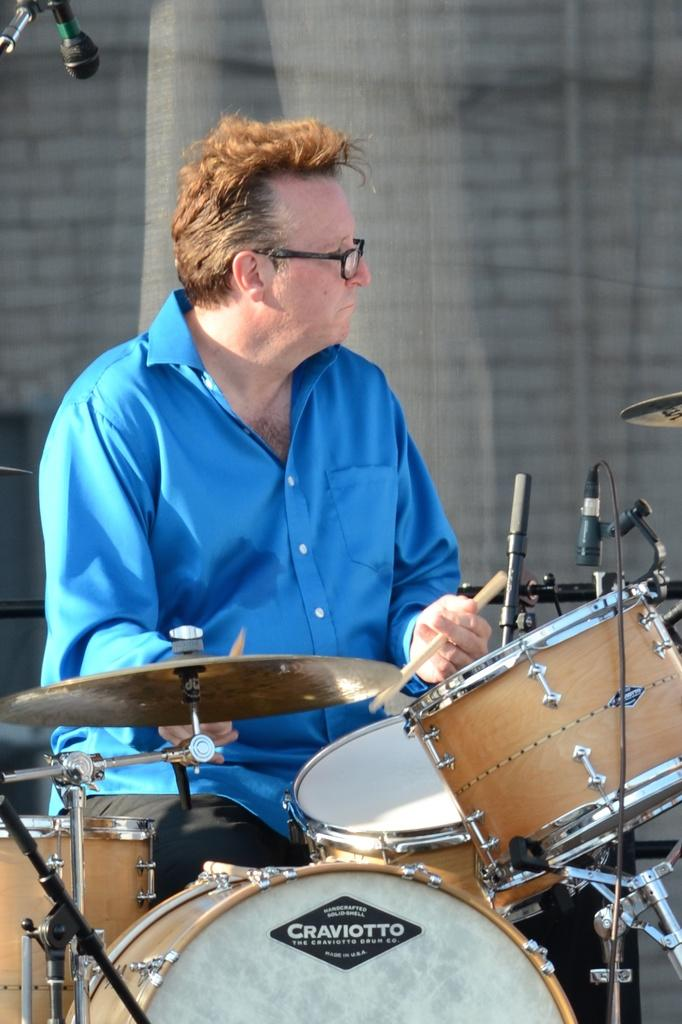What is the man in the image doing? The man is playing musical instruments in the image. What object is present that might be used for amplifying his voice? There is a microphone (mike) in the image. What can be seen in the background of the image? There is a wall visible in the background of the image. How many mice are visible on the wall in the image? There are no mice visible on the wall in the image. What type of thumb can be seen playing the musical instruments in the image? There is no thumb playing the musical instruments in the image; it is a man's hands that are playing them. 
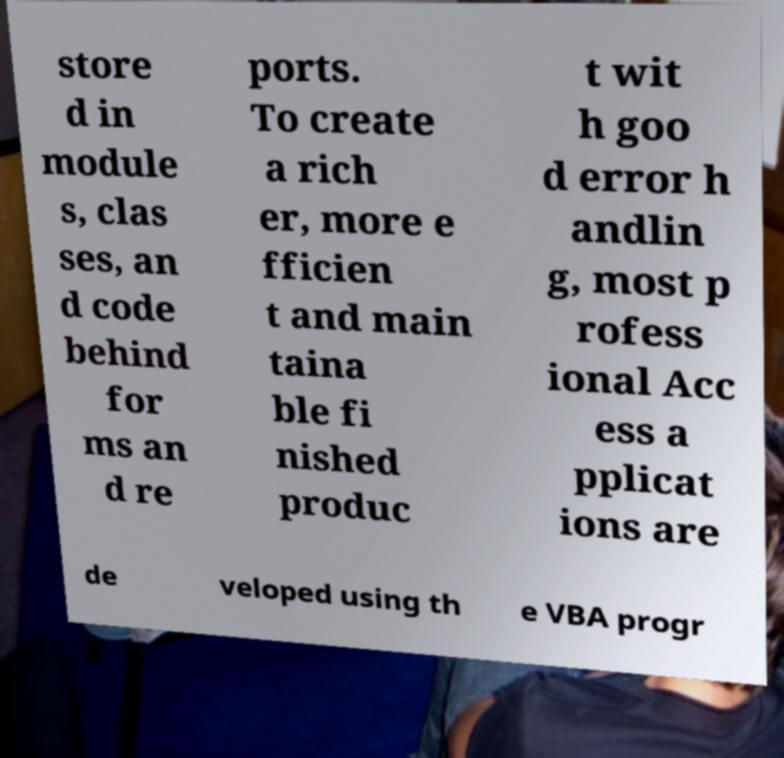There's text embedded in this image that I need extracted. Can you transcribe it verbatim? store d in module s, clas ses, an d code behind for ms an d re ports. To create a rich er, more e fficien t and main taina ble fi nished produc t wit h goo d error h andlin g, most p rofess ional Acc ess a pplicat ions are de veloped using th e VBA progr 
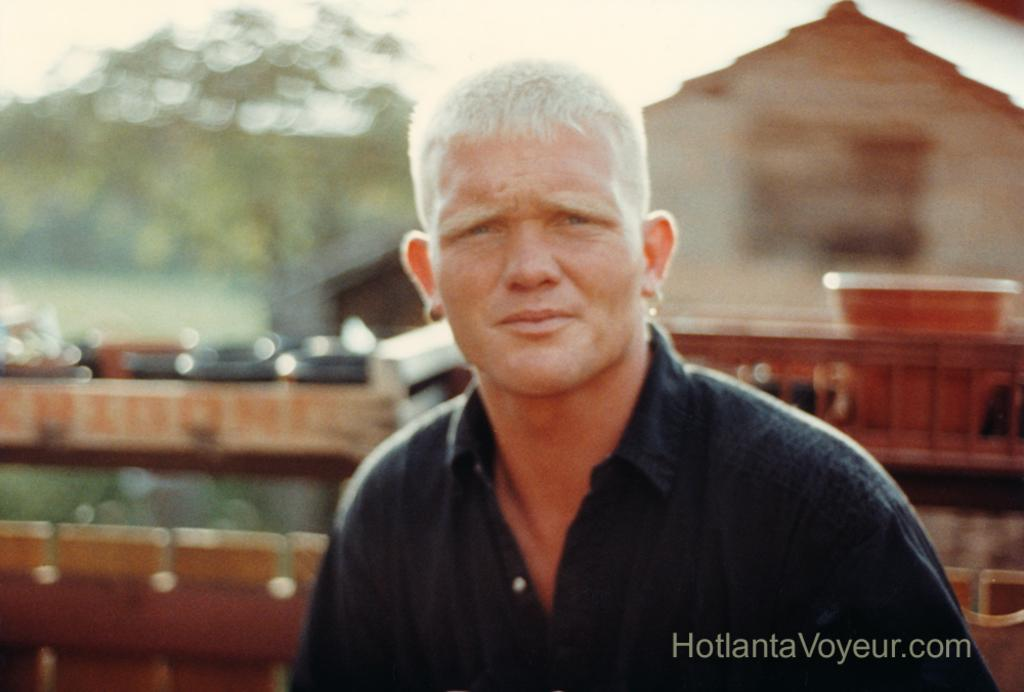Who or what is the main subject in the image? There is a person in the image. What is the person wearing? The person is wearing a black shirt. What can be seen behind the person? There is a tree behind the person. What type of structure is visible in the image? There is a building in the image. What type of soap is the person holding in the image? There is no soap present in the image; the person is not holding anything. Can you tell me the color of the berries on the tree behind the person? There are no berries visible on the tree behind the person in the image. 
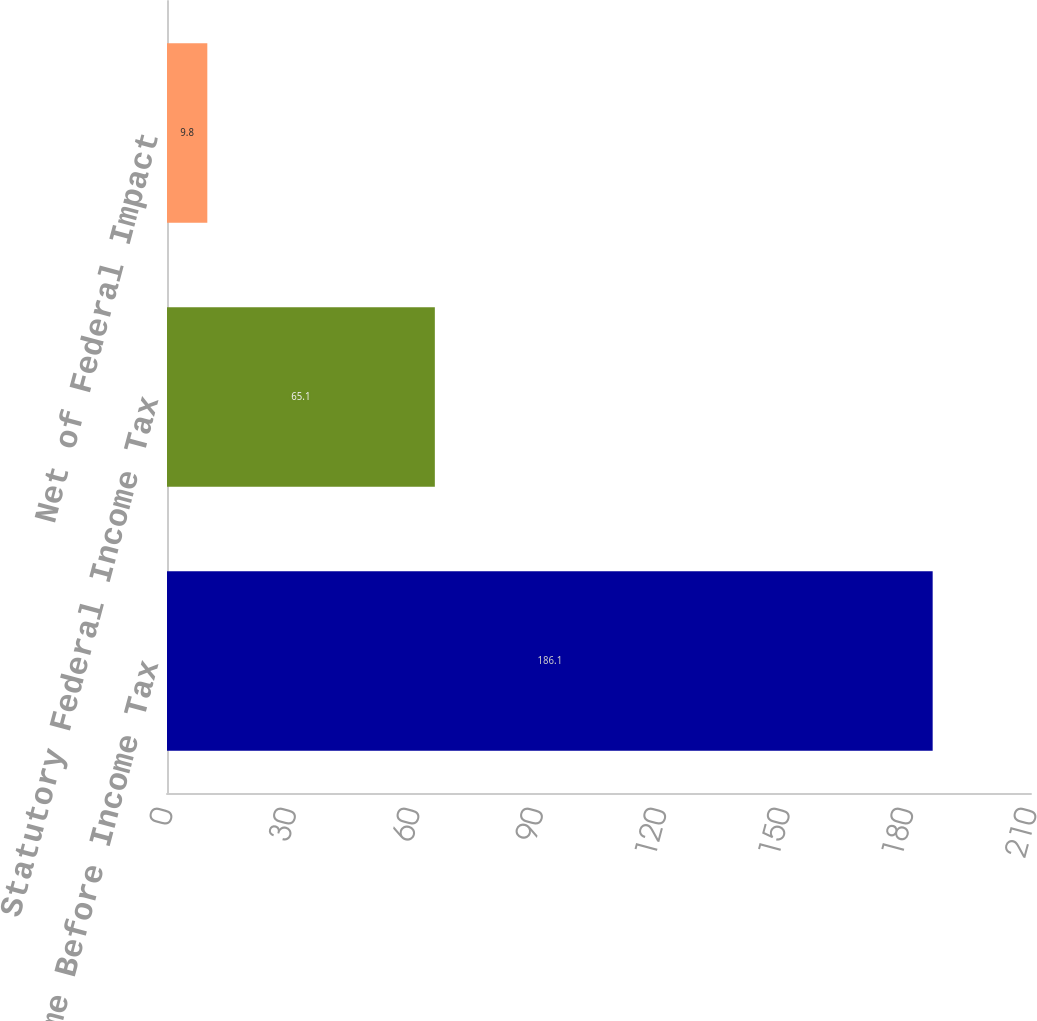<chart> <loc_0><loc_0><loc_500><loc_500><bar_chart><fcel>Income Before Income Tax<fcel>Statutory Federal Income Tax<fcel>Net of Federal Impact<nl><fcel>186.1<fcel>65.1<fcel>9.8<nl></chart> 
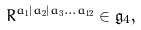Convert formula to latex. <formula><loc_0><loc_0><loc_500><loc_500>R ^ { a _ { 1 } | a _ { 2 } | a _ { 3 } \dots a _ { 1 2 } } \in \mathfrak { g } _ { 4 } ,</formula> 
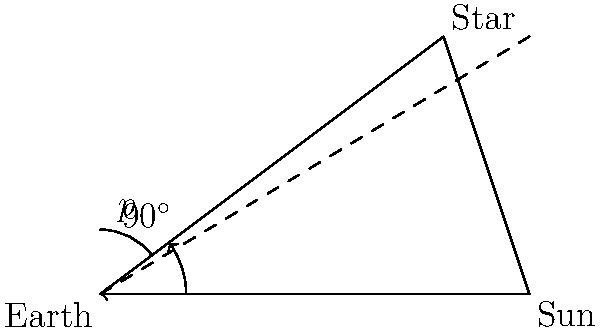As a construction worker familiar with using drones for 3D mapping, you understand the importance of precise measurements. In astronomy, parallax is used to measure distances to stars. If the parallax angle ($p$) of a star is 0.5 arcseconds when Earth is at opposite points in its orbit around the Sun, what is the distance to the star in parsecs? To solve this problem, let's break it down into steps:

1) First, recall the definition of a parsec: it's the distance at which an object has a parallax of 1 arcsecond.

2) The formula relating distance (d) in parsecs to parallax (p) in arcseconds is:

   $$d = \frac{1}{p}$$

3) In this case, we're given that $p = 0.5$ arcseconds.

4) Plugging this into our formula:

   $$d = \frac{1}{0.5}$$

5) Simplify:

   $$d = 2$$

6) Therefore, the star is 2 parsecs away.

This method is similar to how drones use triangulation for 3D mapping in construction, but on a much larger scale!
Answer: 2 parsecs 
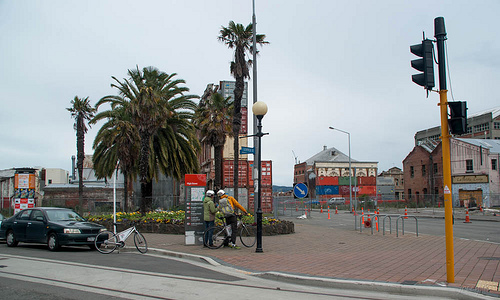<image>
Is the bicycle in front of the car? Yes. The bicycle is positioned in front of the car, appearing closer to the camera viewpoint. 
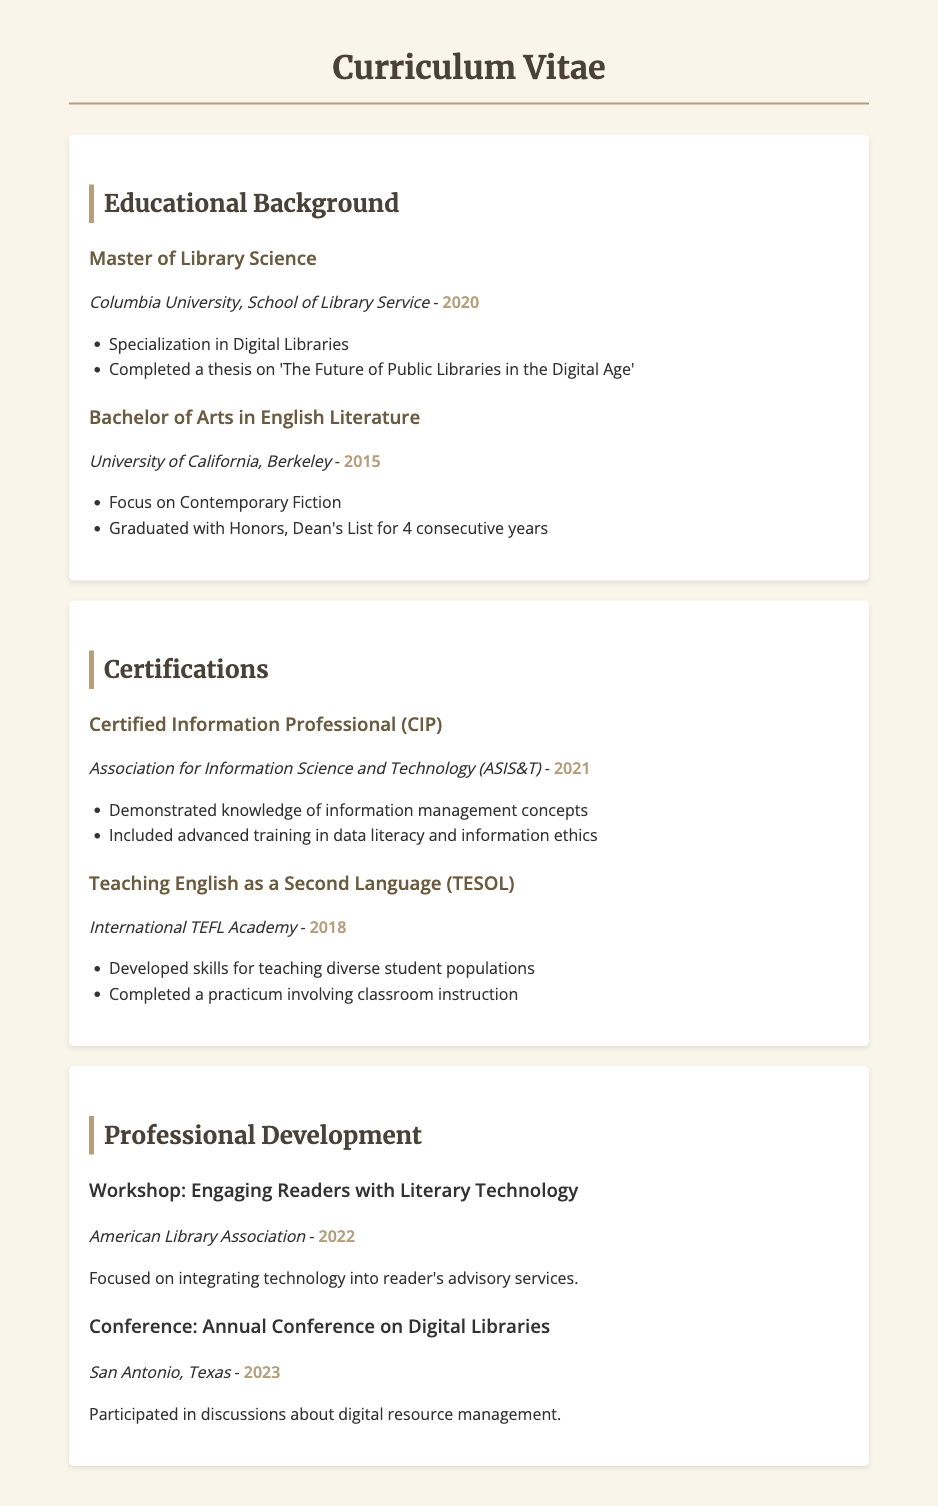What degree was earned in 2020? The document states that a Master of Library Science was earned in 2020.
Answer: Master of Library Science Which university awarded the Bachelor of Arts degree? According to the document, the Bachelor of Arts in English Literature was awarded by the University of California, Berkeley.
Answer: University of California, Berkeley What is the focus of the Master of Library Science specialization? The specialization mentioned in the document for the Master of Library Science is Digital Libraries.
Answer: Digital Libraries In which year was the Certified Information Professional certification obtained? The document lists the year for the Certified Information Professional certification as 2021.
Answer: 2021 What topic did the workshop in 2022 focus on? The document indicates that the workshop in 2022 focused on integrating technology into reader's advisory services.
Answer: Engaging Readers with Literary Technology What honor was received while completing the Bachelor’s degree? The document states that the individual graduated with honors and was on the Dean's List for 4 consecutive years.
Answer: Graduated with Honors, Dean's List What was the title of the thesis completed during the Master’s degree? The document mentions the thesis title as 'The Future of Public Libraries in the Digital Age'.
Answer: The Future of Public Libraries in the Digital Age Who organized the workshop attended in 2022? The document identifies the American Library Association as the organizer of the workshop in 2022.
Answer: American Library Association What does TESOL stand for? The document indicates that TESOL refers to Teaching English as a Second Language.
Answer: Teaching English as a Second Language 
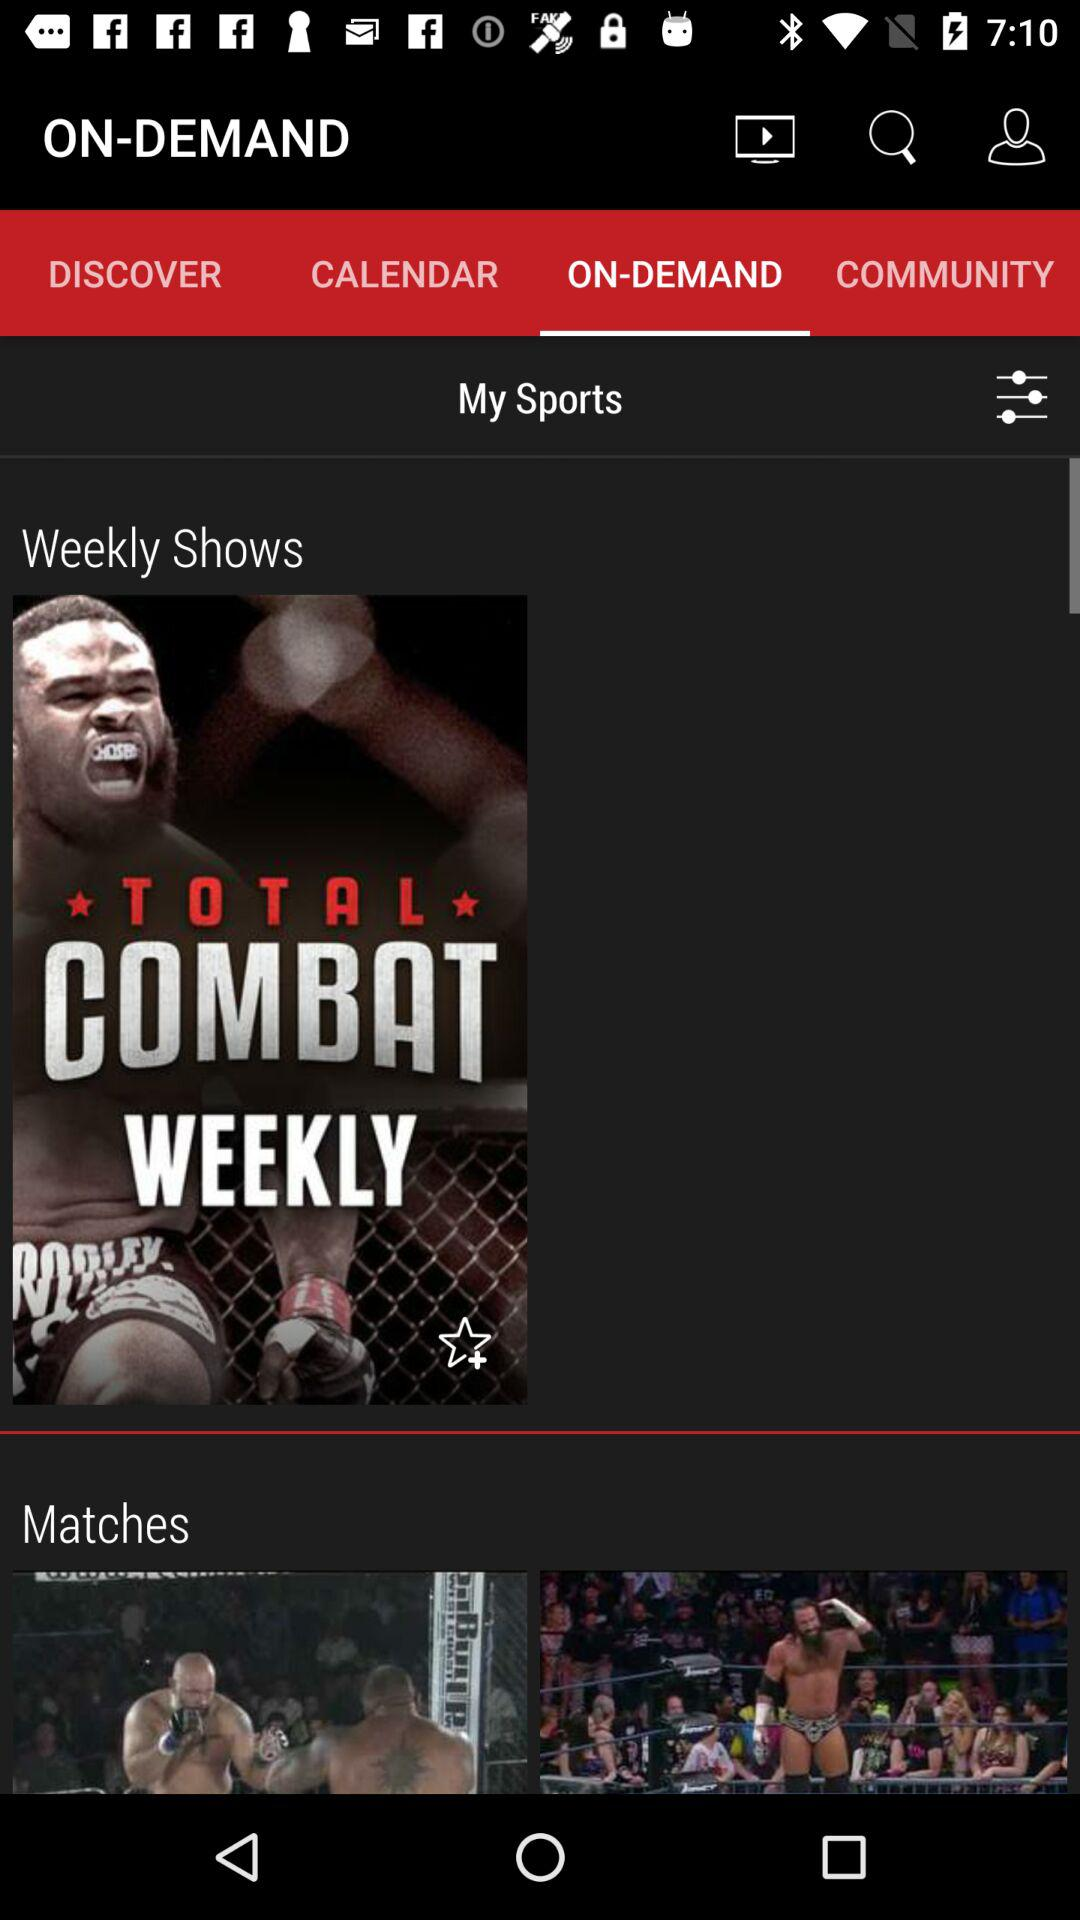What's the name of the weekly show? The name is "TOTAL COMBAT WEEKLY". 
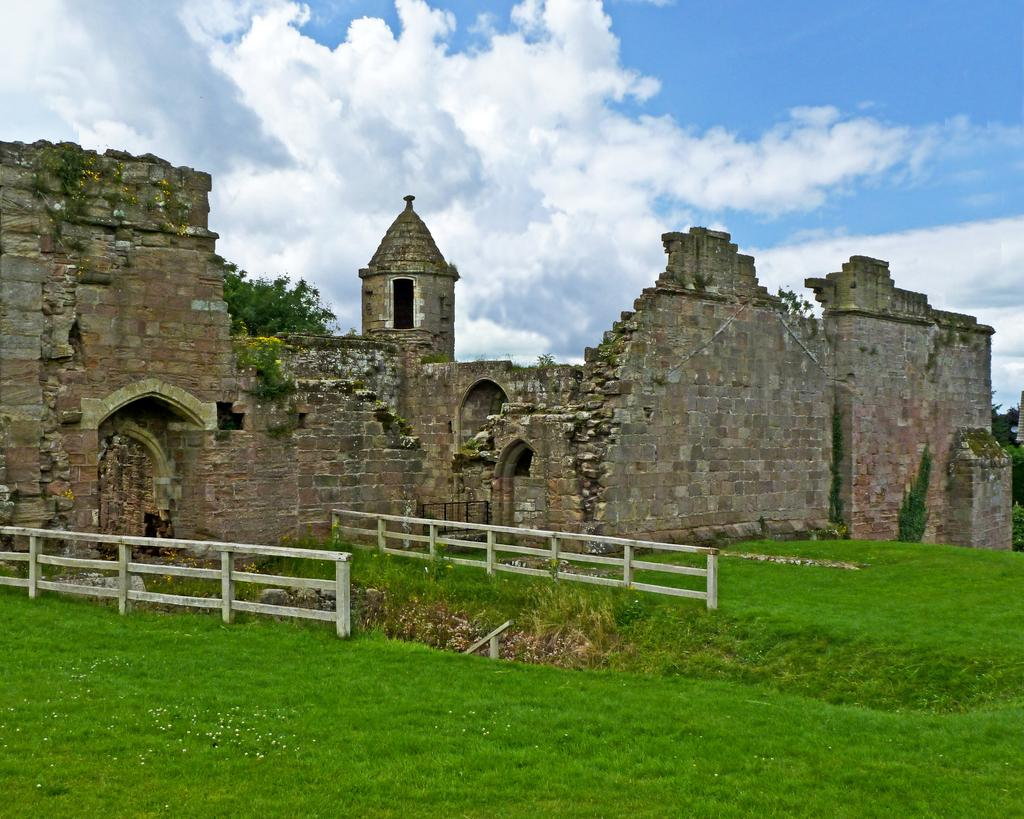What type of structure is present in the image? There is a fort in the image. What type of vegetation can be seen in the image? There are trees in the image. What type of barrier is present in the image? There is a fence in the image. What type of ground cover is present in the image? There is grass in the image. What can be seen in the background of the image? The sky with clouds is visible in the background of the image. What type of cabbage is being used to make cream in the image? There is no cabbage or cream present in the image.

**TASK:** Which lines of the listing contain the string "indicates"? Copy every one of them.

**TASK SOLUTION:**
Answer: 2021 What topic did the workshop in 2022 focus on? The document indicates that the workshop in 2022 focused on integrating technology into reader's advisory services.
Answer: American Library Association What does TESOL stand for? The document indicates that TESOL refers to Teaching English as a Second Language.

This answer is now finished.